Frances also dragged on for 12 hours. Stuck at a home with a small dog that was begging me to go out, I decided to walk him, quickly, between squalls. The street was lined with houses and apartment buildings, which helped to block the wind, but I had to lean into the wind to walk. The wind pushed me back, and I had to use muscle to stand and walk. I kept a close eye on trees and power lines overhead.
Down the street, strong gusts were whipping down an open alleyway. As soon as we walked into this little wind tunnel, the wind picked up my 10 lb. Pomeranian and carried him a few feet. The leash stopped his flight, but that was enough. He turned tail and ran home. Later, I learned that the wind was gusting at 50 miles an hour.
After the storm, there were millions of people without power throughout the state. We learned how power gets turned back on when that happens: hospitals and police stations come first, followed by nursing homes, then neighborhoods. The local coffee shop was near a hospital, so that neighborhood had power. We clustered there, soaking up the AC and iced coffee.
One day, a young woman brought her beautiful Golden Retriever to the shop. She was frantic. The dog couldn’t walk, couldn’t lift his head. None of us knew each other, but we all stepped in to help: I (as a nurse) diagnosed him, and other people brought water. The shop tenders brought ice and let her carry the dog inside, into the AC. Another person volunteered to drive her and the dog to the closest vet, others held her while she cried.
He was dying of heat exhaustion and dehydration.
Her apartment was too hot for the dog, she said. Even with all the windows open, the heat was unbearable and the poor dog didn’t stand a chance.
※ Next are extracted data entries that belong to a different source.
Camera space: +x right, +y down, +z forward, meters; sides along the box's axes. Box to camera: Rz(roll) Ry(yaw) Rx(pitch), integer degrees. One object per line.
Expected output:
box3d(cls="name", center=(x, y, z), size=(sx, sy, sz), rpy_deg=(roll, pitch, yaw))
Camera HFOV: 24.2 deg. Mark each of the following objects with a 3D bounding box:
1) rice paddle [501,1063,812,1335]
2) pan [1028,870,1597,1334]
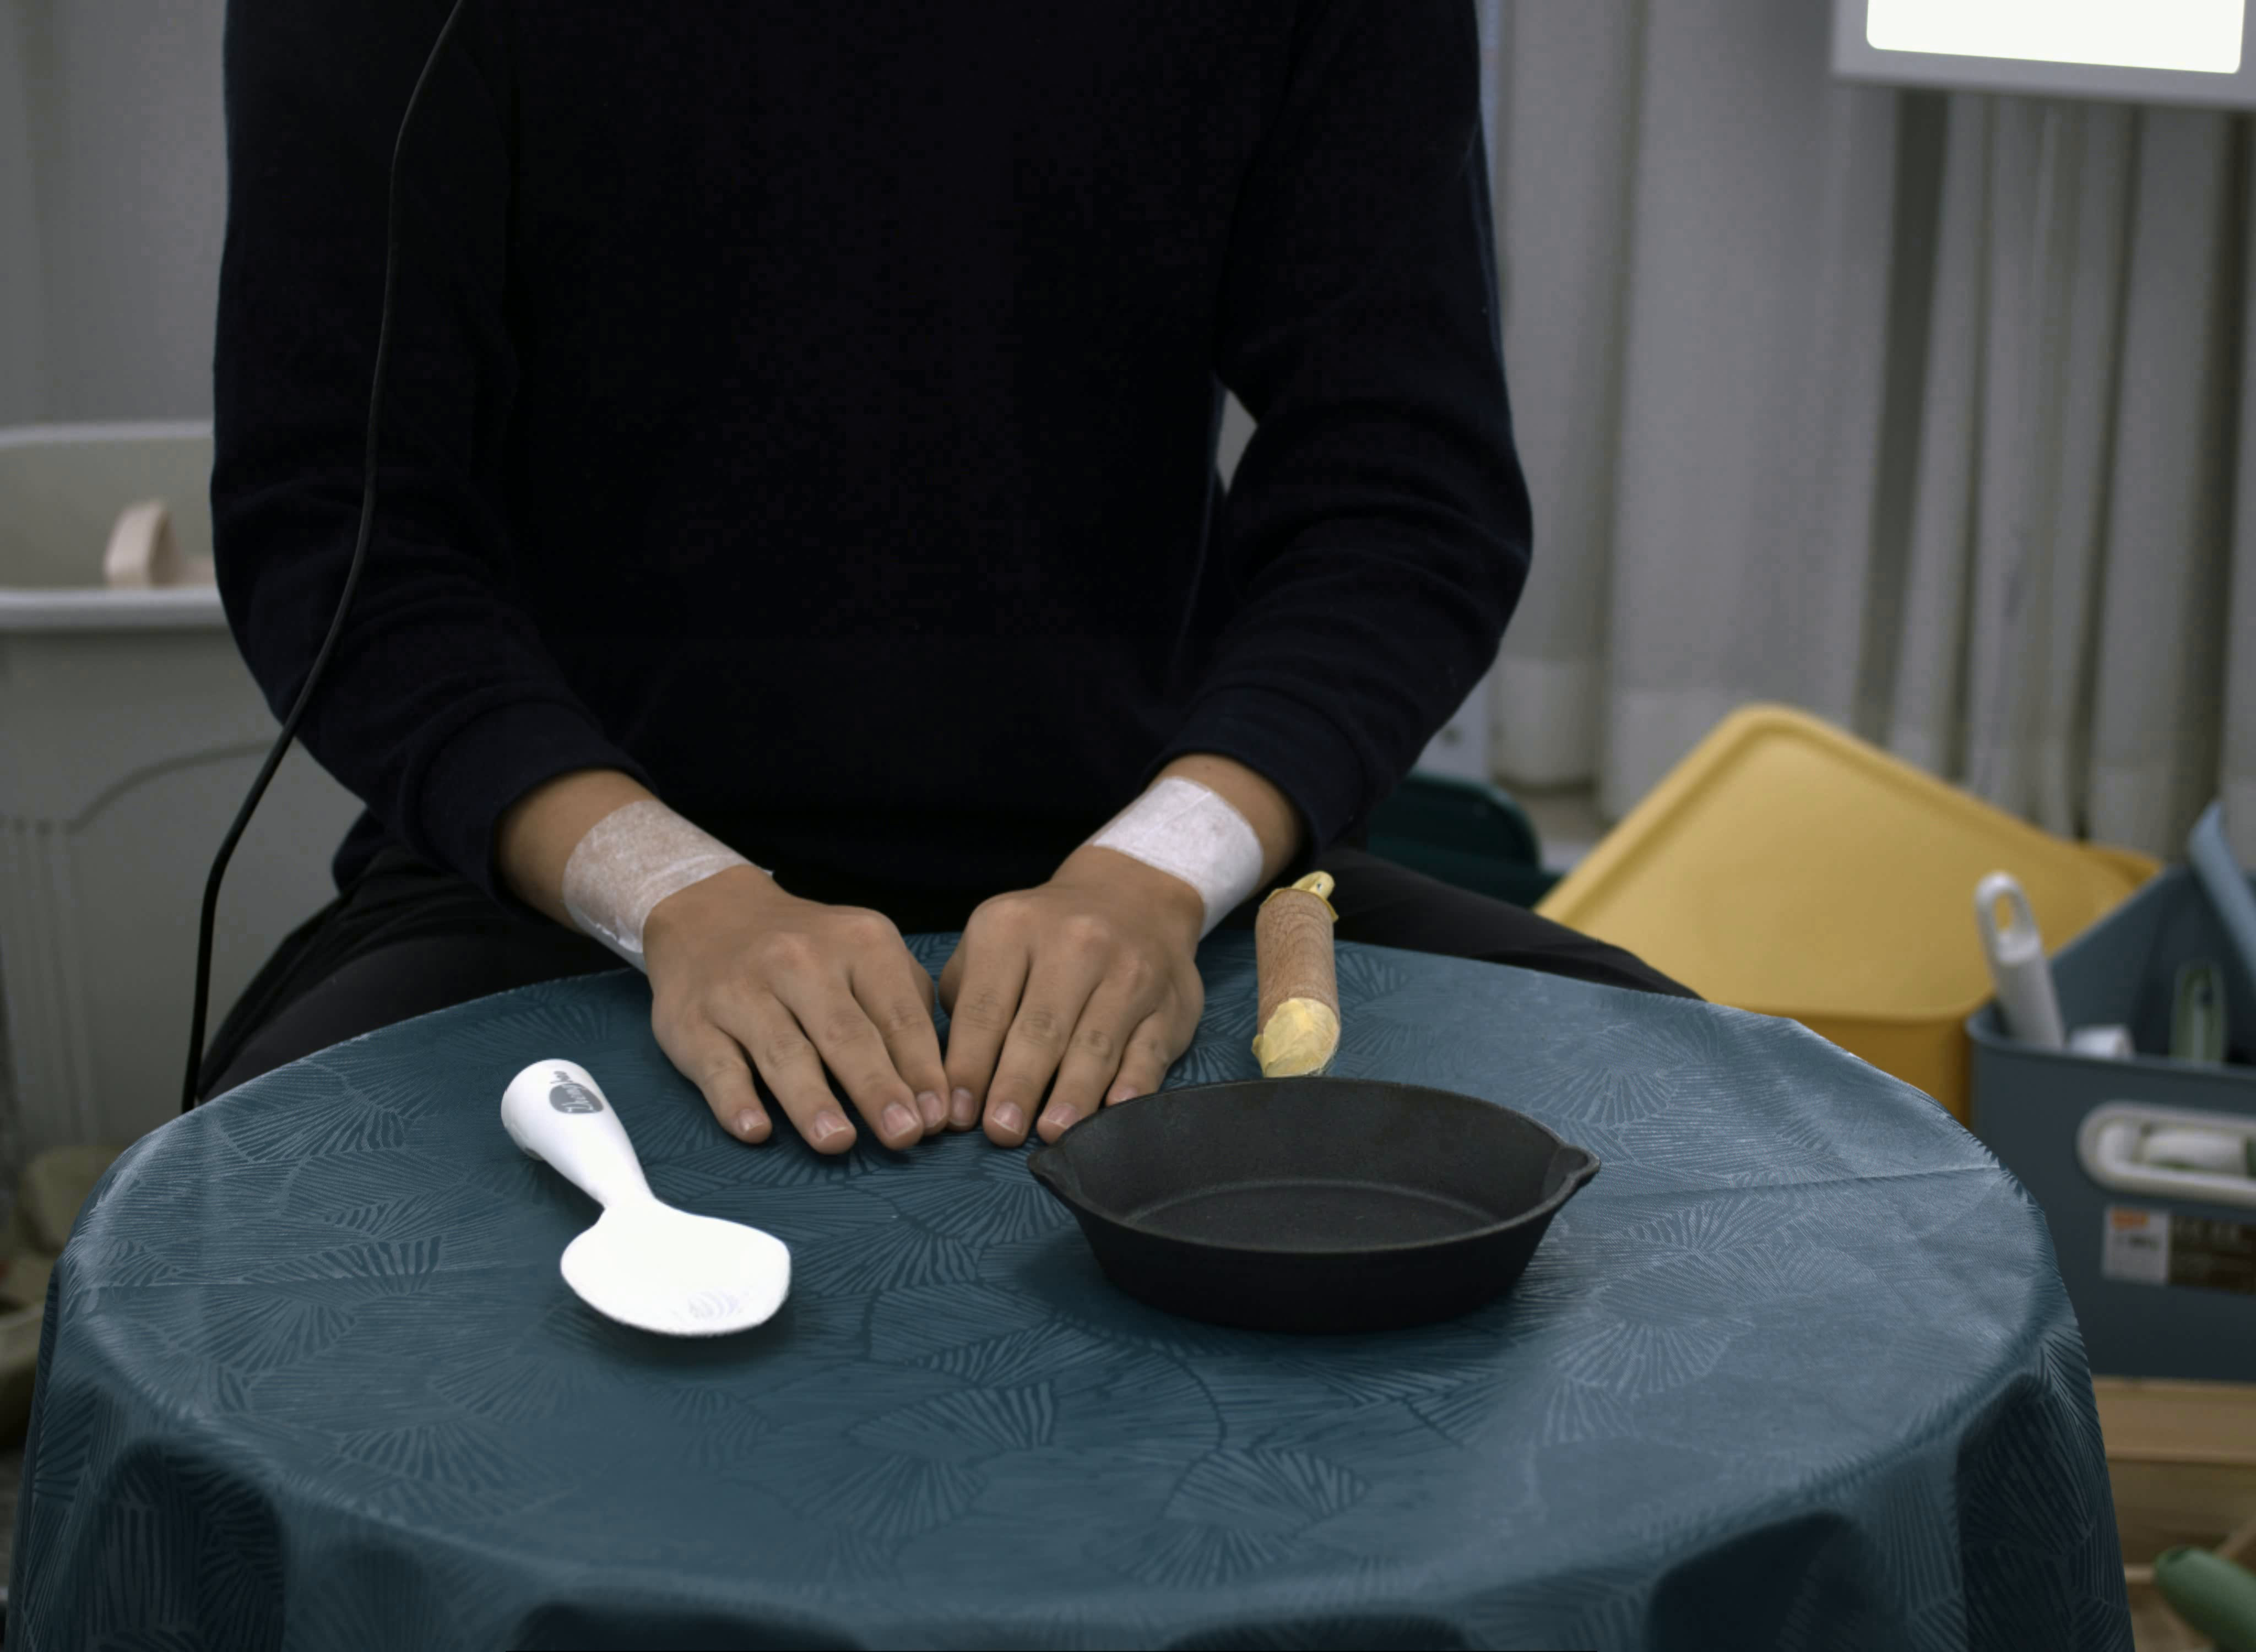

We listened to her and nodded our heads. We were all in the same boat. In the aftermath of the storm, the sun was brutal and the air was thick with water. Houses and apartments were deadly hot; that’s why we were all at the coffee shop.
As she left, several of us cried, knowing that the dog probably wasn’t going to make it. Ours tears were an expression of grief for her and frustration caused by the heat, the exhaustion, and the stress we were all feeling. You see, there was already another hurricane out there.
As I write this, Hurricane Gustav is pounding NOLA. What’s more, it is just a little more than a year since Katrina hit the same area. There is no doubt that Katrina was an extraordinarily tragic event, a tragedy compounded by an inept and uncaring political machine as well as bigotry. It will take years, activists, educators and historians to bring about the change we need in this country.
But the fact that Katrina’s impact upon NOLA was devastating does not mitigate the destruction visited upon Florida in the aftermath of 7 hurricanes in 14 months. How does one measure disaster? Adding up the toll in dollars or even in deaths does not describe the personal sacrifice, the personal loss, the personal experience.
One strong hurricane is catastrophic. Seven in 14 months is a holocaust.
I don’t know if the experience has made us wiser or more cautious. I don’t know if we now know when to stay or when to leave. I only know that I was one of the lucky ones.
I live in St. Petersburg now. A peninsula surrounded by water. So far, my home is intact, and my city is standing. I still have a job, and my son lives safely down the street. My life is more or less normal, at least for now. Only God knows what tomorrow may bring.
After all, I am living right smack in the middle of the intersection. And we all know that if you live and play in the street, you’re bound to get hit someday.